**What is expected**
This exercise calls for a copy of every line in the listing below that carries the word "gives".

**Given records**
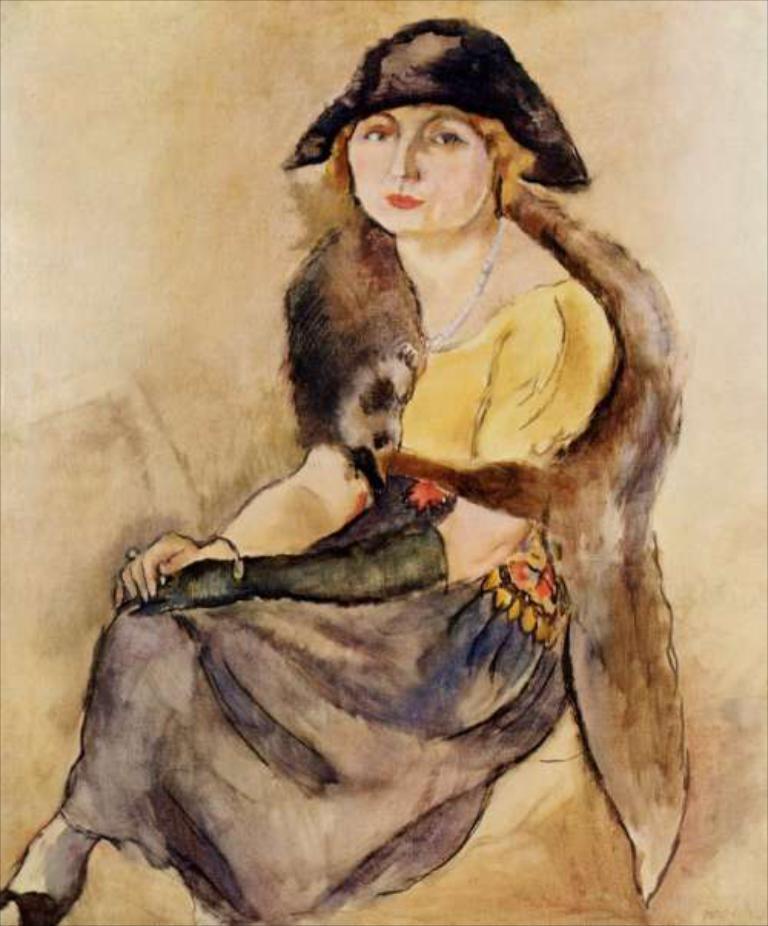Please provide a concise description of this image. In this image we can see the painting of a person and it looks like she is sitting and posing for a photo. 
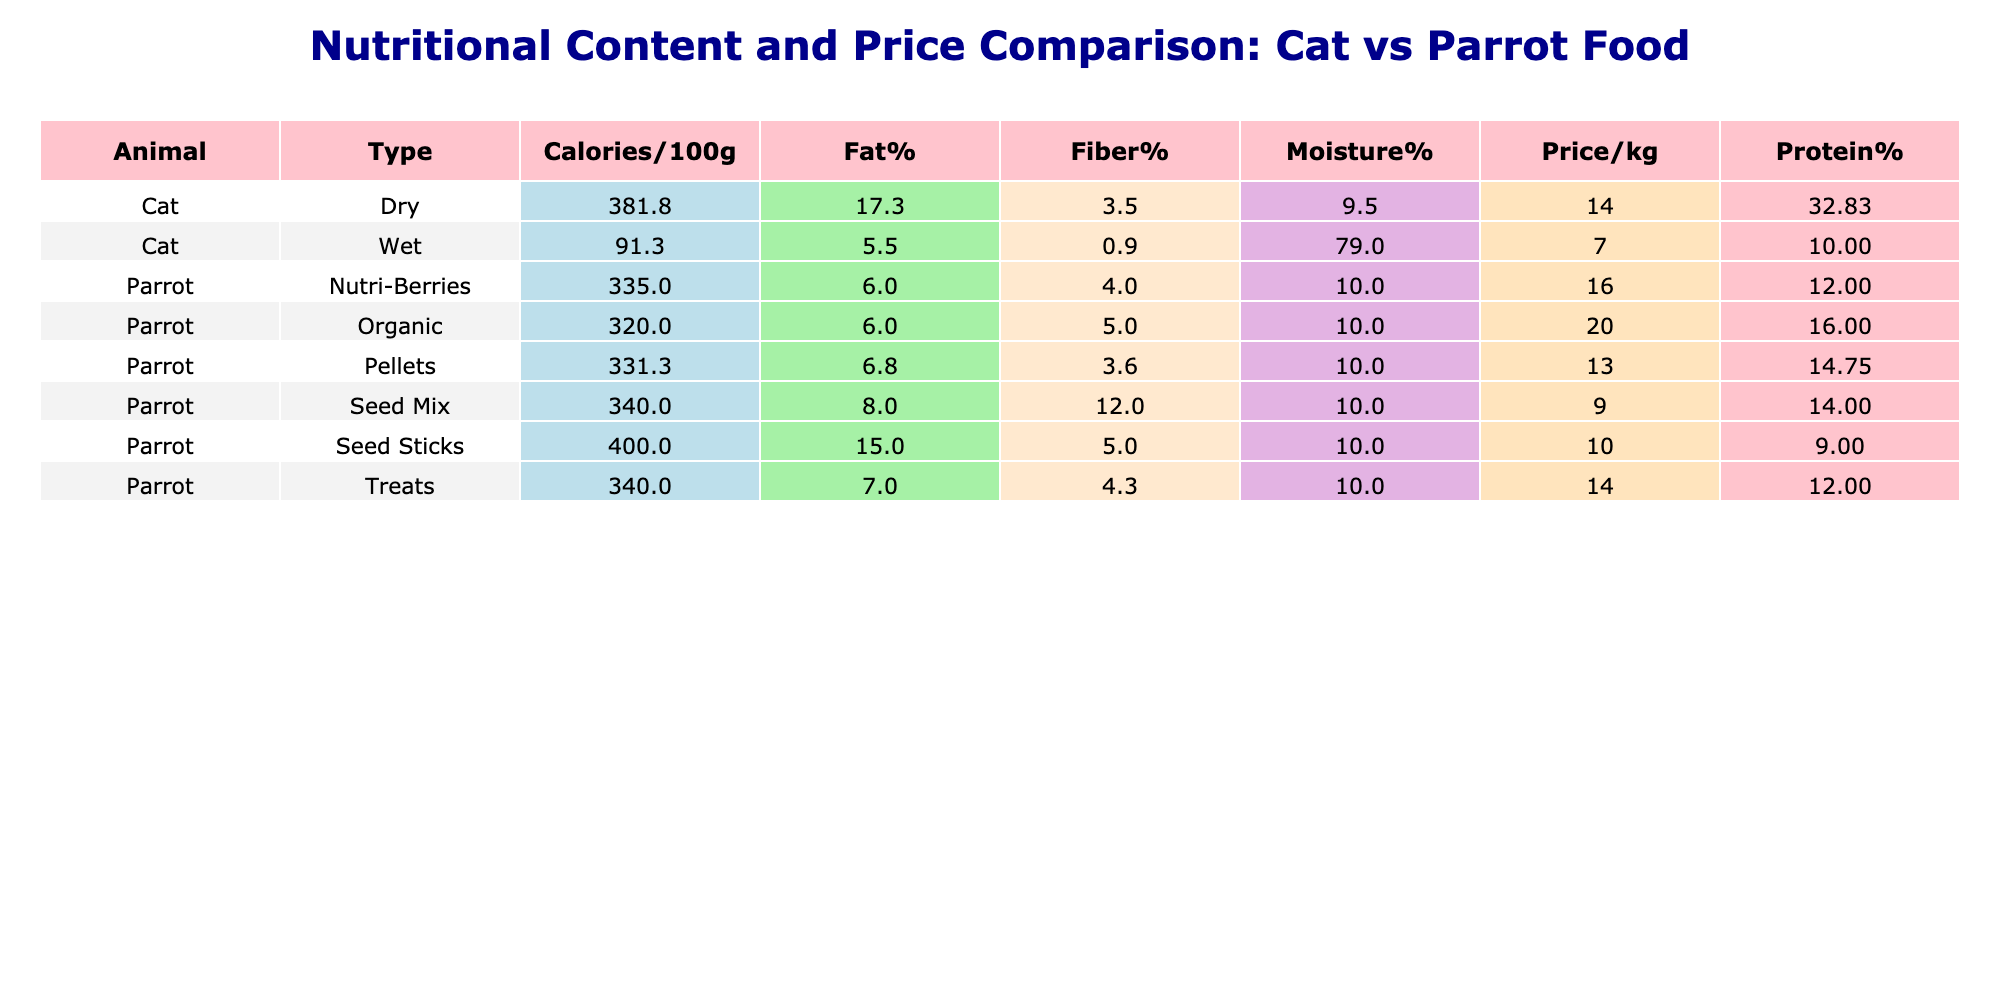What is the protein percentage of Orijen cat food? The table lists Orijen under the Cat category and its Protein% is shown directly as 40.
Answer: 40 What is the average moisture percentage in all wet cat foods? To find the average moisture percentage for wet cat foods, we need to take the moisture values: 82 (Whiskas), 78 (Purina Pro Plan), 78 (Wellness), 78 (Fancy Feast). Summing these gives: 82 + 78 + 78 + 78 = 316. There are 4 wet foods, so the average is 316 / 4 = 79.
Answer: 79 Does the parrot food by Harrison's have more protein than the food by Roudybush? Harrison's has a protein value of 16, while Roudybush has 11. Since 16 is greater than 11, we can conclude that Harrison's has more protein.
Answer: Yes What is the total fat percentage across all types of parrot foods? The fat percentage values for parrot foods are: 8 (Kaytee), 6 (ZuPreem), 6 (Harrison's), 7 (Roudybush), 6 (Lafeber), 8 (Avi-Cakes), 6 (Nutriberries), 15 (Vitakraft), 6 (Mazuri), and 8 (Pretty Bird). Summing these gives: 8 + 6 + 16 + 7 + 6 + 12 + 12 + 9 + 16 + 8 = 88.
Answer: 88 Which dry cat food has the highest calorie content? The dry cat foods are Royal Canin (373), Hill's Science Diet (395), Iams (363), Orijen (415), and Blue Buffalo (385). Comparing these values shows that Orijen has the highest calorie content at 415.
Answer: 415 What is the average price per kilogram of dry cat food? The price per kilogram values for dry cat food are: 12.99 (Royal Canin), 14.50 (Hill's Science Diet), 10.99 (Iams), 18.99 (Orijen), and 13.75 (Blue Buffalo). The sum of these is 12.99 + 14.50 + 10.99 + 18.99 + 13.75 = 70.22. To find the average: 70.22 / 5 = 14.044, rounded to two decimal places gives 14.04.
Answer: 14.04 Is the fiber percentage in Iams higher than that in Purina Pro Plan? Iams has a fiber percentage of 3, while Purina Pro Plan has 0.5. Since 3 is higher than 0.5, the statement is true.
Answer: Yes How many different types of parrot food are included in the data? There are 5 distinct types of parrot food listed: Seed Mix, Pellets, Organic, Treats, and Seed Sticks. This can be counted visually in the table.
Answer: 5

**Answer to the exercise**
Answer: 40 What is the average moisture percentage in all wet cat foods? To find the average moisture percentage for wet cat foods, we need to take the moisture values: 82 (Whiskas), 78 (Purina Pro Plan), 78 (Wellness), 78 (Fancy Feast). Summing these gives: 82 + 78 + 78 + 78 = 316. There are 4 wet foods, so the average is 316 / 4 = 79.
Answer: Yes What is the total fat percentage across all types of parrot foods? The fat percentage values for parrot foods are: 8 (Kaytee), 6 (ZuPreem), 6 (Harrison's), 7 (Roudybush), 6 (Lafeber), 8 (Avi-Cakes), 6 (Nutriberries), 15 (Vitakraft), 6 (Mazuri), and 8 (Pretty Bird). Summing these gives: 8 + 6 + 16 + 7 + 6 + 12 + 12 + 9 + 16 + 8 = 88.
Answer: 415 What is the average price per kilogram of dry cat food? The price per kilogram values for dry cat food are: 12.99 (Royal Canin), 14.50 (Hill's Science Diet), 10.99 (Iams), 18.99 (Orijen), and 13.75 (Blue Buffalo). The sum of these is 12.99 + 14.50 + 10.99 + 18.99 + 13.75 = 70.22. To find the average: 70.22 / 5 = 14.044, rounded to two decimal places gives 14.04.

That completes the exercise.